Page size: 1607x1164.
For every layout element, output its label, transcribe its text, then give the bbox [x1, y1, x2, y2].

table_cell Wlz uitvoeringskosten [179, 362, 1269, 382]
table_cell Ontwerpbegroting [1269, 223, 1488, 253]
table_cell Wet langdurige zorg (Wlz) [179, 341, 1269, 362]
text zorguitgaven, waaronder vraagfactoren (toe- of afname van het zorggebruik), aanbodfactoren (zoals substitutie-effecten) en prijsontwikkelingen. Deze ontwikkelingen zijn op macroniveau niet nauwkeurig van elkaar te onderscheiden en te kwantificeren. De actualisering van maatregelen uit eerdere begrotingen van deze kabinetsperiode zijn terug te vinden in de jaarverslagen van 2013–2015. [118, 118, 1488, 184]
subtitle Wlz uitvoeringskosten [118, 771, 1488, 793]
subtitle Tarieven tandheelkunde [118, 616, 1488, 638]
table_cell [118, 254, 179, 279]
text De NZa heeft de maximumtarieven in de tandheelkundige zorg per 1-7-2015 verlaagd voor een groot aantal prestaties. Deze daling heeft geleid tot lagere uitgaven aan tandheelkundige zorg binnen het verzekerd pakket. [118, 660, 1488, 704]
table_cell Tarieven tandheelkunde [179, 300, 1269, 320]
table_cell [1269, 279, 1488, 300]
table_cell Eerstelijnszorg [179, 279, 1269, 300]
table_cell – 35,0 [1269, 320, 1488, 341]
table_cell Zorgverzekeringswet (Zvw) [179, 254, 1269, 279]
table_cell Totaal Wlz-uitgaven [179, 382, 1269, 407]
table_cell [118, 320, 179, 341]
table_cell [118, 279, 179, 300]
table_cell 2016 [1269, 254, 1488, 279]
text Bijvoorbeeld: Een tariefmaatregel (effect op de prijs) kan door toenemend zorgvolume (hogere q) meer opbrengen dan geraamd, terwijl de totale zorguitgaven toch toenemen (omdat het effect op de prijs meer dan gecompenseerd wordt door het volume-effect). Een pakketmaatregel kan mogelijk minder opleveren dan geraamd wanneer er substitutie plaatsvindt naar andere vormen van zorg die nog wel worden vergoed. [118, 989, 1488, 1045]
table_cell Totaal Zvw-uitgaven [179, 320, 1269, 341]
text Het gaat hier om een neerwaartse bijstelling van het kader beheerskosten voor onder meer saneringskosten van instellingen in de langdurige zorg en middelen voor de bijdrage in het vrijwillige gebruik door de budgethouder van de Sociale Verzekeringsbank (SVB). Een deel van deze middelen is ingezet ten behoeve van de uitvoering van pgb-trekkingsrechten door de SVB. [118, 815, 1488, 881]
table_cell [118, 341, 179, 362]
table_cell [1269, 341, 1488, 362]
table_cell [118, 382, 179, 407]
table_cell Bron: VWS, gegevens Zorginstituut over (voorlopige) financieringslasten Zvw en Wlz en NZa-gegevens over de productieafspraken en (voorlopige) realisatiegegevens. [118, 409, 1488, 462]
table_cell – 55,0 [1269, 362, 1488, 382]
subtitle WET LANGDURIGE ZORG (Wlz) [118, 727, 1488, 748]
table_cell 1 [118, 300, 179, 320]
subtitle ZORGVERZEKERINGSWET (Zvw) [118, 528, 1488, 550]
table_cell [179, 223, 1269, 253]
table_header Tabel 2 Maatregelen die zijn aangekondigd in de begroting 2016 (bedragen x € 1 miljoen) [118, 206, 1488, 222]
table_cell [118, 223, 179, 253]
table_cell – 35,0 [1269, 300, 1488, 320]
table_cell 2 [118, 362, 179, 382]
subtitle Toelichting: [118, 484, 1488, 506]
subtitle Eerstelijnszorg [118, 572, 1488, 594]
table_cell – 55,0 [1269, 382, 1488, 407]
☆ ☆ ☆
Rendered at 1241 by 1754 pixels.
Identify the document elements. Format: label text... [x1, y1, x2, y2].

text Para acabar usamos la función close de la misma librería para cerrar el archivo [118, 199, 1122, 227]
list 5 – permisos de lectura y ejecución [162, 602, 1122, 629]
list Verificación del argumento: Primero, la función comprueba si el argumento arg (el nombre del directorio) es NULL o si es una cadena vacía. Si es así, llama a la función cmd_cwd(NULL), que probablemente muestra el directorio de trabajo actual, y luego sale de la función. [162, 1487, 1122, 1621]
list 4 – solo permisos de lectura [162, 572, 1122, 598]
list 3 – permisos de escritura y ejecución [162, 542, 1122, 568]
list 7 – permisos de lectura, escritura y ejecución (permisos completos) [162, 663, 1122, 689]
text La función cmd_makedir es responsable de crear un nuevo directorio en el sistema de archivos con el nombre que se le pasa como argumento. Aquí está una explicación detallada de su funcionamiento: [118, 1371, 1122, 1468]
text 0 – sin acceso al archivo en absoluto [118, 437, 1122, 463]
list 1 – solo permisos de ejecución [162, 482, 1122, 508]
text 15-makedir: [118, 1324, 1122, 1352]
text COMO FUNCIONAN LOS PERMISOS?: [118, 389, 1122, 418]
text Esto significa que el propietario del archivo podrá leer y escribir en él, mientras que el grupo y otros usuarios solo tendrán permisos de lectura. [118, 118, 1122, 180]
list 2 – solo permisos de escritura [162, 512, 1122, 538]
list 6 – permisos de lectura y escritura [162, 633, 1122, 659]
☆ ☆ ☆
Instructions to follow: Write out only the lines that run from the line containing "text 0 – sin" through the line containing "text COMO FUNCIONAN", both included, exactly as they appear above.

Answer box:
text 0 – sin acceso al archivo en absoluto [118, 437, 1122, 463]
list 1 – solo permisos de ejecución [162, 482, 1122, 508]
text 15-makedir: [118, 1324, 1122, 1352]
text COMO FUNCIONAN LOS PERMISOS?: [118, 389, 1122, 418]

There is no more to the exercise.